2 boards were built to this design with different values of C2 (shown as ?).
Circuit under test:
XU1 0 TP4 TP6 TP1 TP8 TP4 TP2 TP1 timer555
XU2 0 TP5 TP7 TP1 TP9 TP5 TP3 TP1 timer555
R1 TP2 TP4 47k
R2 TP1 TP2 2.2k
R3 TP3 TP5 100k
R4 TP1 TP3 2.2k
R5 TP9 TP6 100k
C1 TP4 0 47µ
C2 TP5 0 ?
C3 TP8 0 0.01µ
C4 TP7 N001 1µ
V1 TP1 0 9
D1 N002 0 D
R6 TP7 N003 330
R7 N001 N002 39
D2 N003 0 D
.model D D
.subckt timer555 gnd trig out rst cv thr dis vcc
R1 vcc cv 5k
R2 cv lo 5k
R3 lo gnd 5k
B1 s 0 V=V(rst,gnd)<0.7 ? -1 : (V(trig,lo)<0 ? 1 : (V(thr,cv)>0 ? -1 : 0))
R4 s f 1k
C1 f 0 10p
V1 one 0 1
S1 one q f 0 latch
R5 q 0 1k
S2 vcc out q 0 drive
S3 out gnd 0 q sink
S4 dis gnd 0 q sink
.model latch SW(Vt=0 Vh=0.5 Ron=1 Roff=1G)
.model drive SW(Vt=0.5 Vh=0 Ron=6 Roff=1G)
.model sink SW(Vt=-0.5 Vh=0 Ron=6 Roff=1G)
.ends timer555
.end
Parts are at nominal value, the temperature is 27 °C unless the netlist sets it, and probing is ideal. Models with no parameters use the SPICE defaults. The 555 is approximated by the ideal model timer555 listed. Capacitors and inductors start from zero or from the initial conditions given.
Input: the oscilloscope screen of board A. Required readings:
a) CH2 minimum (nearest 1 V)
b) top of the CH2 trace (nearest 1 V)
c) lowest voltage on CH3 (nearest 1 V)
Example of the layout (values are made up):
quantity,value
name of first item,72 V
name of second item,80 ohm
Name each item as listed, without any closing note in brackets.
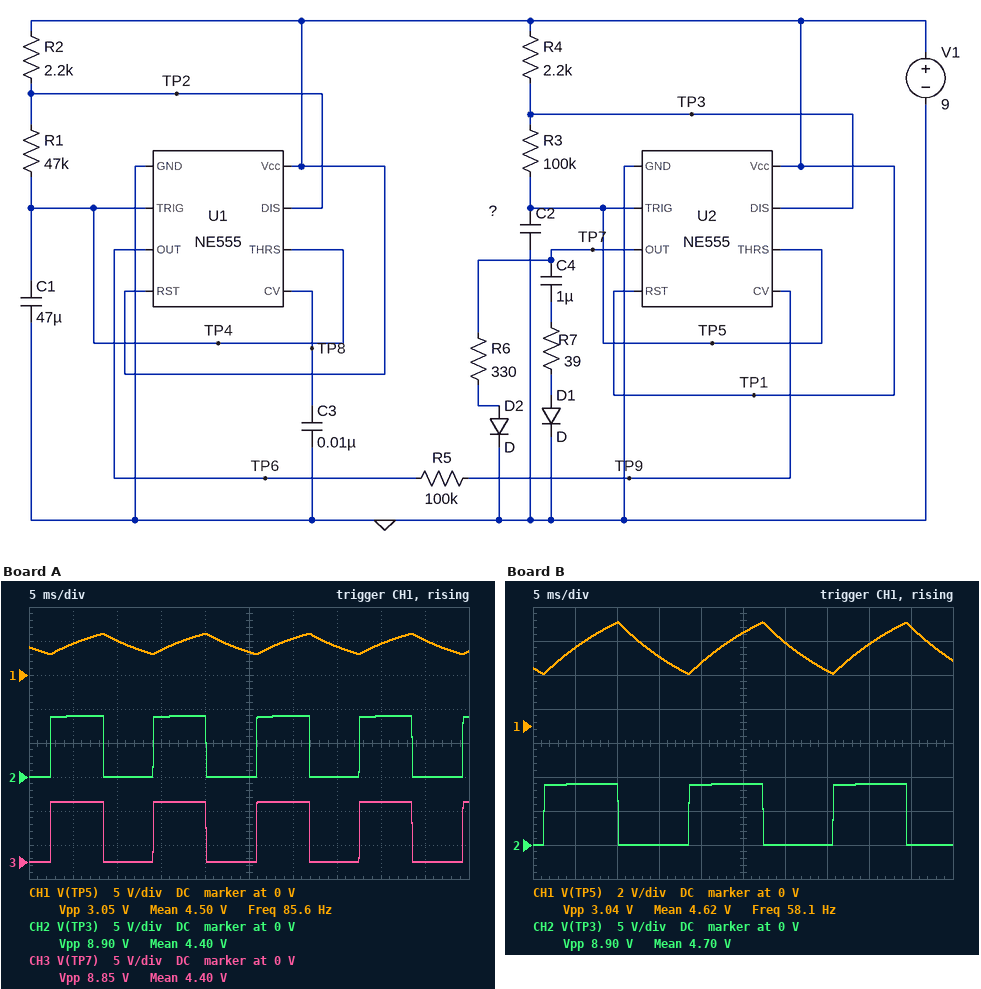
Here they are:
quantity,value
CH2 minimum,0 V
top of the CH2 trace,9 V
lowest voltage on CH3,0 V
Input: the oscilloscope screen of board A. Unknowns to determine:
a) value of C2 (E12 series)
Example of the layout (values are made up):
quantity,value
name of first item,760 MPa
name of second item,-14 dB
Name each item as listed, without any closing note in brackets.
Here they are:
quantity,value
value of C2,82 nF
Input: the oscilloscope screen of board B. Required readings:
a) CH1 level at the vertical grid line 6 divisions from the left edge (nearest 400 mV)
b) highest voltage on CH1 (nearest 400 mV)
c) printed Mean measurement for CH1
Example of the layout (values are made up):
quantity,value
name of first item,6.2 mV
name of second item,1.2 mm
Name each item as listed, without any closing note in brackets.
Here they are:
quantity,value
CH1 level at the vertical grid line 6 divisions from the left edge,4.8 V
highest voltage on CH1,6.0 V
printed Mean measurement for CH1,4.62 V
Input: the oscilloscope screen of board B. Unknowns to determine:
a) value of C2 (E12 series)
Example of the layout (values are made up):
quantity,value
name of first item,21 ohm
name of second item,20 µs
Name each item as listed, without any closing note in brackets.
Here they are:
quantity,value
value of C2,120 nF
+++
## Task directions
Search the listing for "determine" and copy each line holding it.

## Solution to the exercise
Input: the oscilloscope screen of board A. Unknowns to determine:
Input: the oscilloscope screen of board B. Unknowns to determine:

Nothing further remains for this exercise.